The dataset for testing and validating the whole procedure consists of RGB (Red, Green, and Blue bands) images downloaded from Google Earth in 14,148 cells of 71 × 71 m distributed worldwide. For ships, we selected 400 images from 100 seaports around the world (Data S2). For “water + submerged rocks” class, we selected 400 coastal images randomly around the world (Data S3). Finally, for whales (Table 1), we downloaded 13,348 cells (Data S4) of 71 m × 71 m from 10 areas that had very high-resolution images at zoom 18 (eye altitude of ~254 m) and that are known for marine mammal diversity or whale watching. These areas have been highlighted either as global marine biodiversity hotspots86, marine mammal hotspots72, irreplaceable or priority conservation sites (threshold >=0.3)11, and are included within or next to a marine protected area87 (Table 1). Two authors visually inspected all the images to annotate each cell with the name of the corresponding class and with the number of whales. From the 13,348 cells in the 10 hotspots for whale watching, the authors’ visual photo-interpretation revealed whales only in 68 cells.

The annotators also verified the presence of whales in these areas through specialized websites on whale watching and used the time-lapse tool of Google Earth to differentiate whales from sea floor and submerged rocks by comparing images from the same spot at different dates. Finally, to assess the effect of whale posture or behaviour on model performance, the annotators tagged each of the 68 cells with whale presence with the most dominant or conspicuous posture in it, by choosing from the following active and resting behaviour88, i.e., logging, breaching, spyhopping, blowing, peduncle, and submerged.

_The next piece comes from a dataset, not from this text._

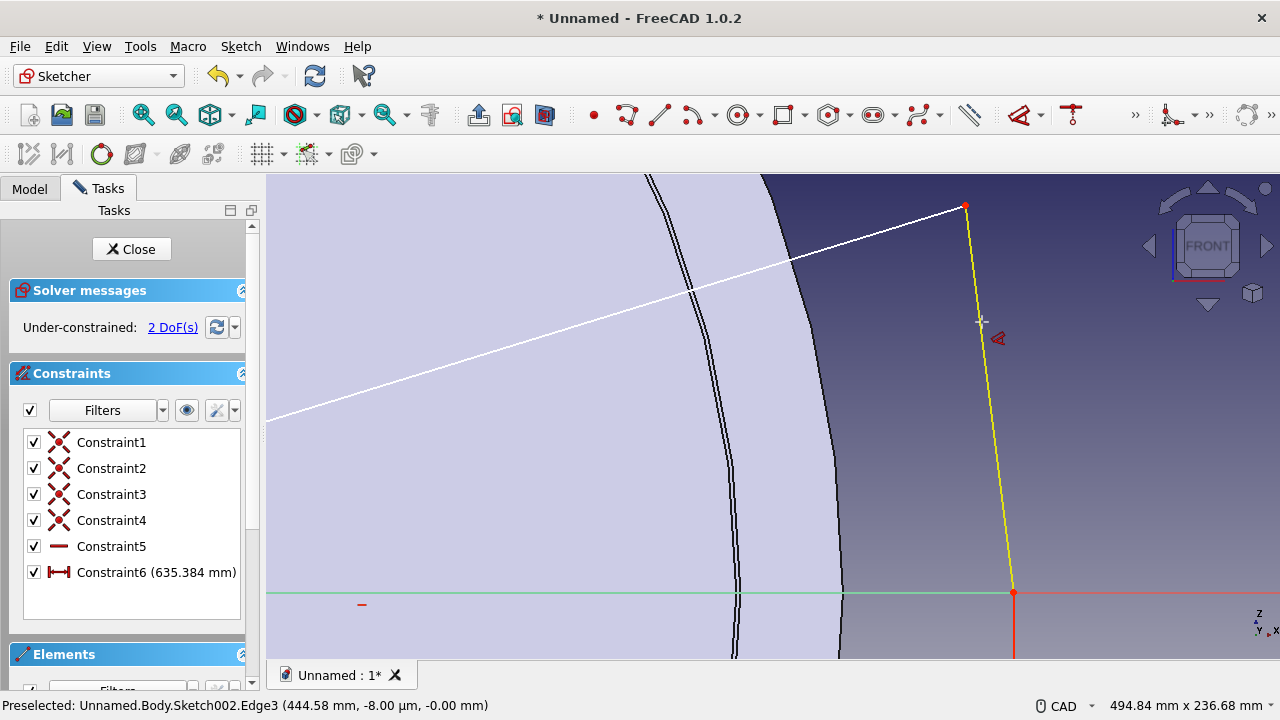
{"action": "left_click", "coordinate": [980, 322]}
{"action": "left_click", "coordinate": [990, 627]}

Comparison between our two-step approach and the baseline detection model (Faster R-CNN)

For comparison purposes, we trained and analyzed Faster RCNN directly on the input images without any previous analysis. On the same test images (ten hotspots), Faster RCNN obtains an average F1 42%, which is substantially lower than the results obtained by our two-step approach (see Table S1D). This low performance is mainly due to the high number of false positives (e.g. boats, foam, rocks), specially in the sites with lower resolution images. Whereas, in site with very high resolution images, i.e., Hawaiian Islands (USA), Faster R-CNN obtained comparable results with our two-step approach, with F1 of 94%. The main reason why our two-step approach reaches much better accuracy than the detection model alone is that step-1 filters out most possible false positives, which consequently helps the next stage, step-2, in finding whales more accurately.

Metrics used in the performance assessment

To evaluate the performance of both CNN-based models, we used these metrics39: positive predictive value, sensitivity, and F1-measure (Table 3).

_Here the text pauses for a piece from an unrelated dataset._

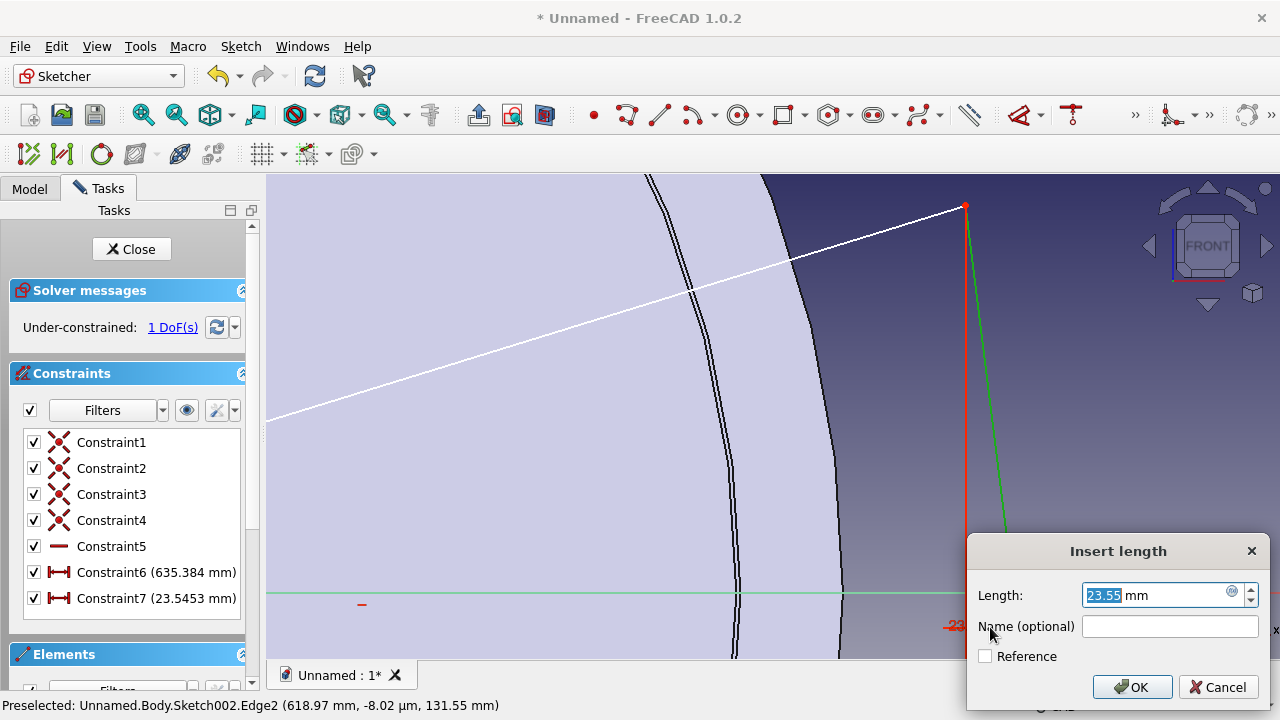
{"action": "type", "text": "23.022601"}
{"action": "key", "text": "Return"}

Table 3 Accuracy indicator, equation, and interpretation of the performance assessment.

True positives correspond to images that were correctly classified or counted as whales by the models, false positives correspond to images that were classified or counted as whales by the models but actually corresponded to another class, and false negatives correspond to undetected images with whales. In simple terms, high positive predictive value means that the model returned substantially more actual whales than false ones, while high sensitivity means that the model returned most of the actual whales. F1-measure provides a balance between precision and sensitivity. We used 5-fold Cross-Validation strategy to evaluate our two-step approach and the baseline on the test dataset.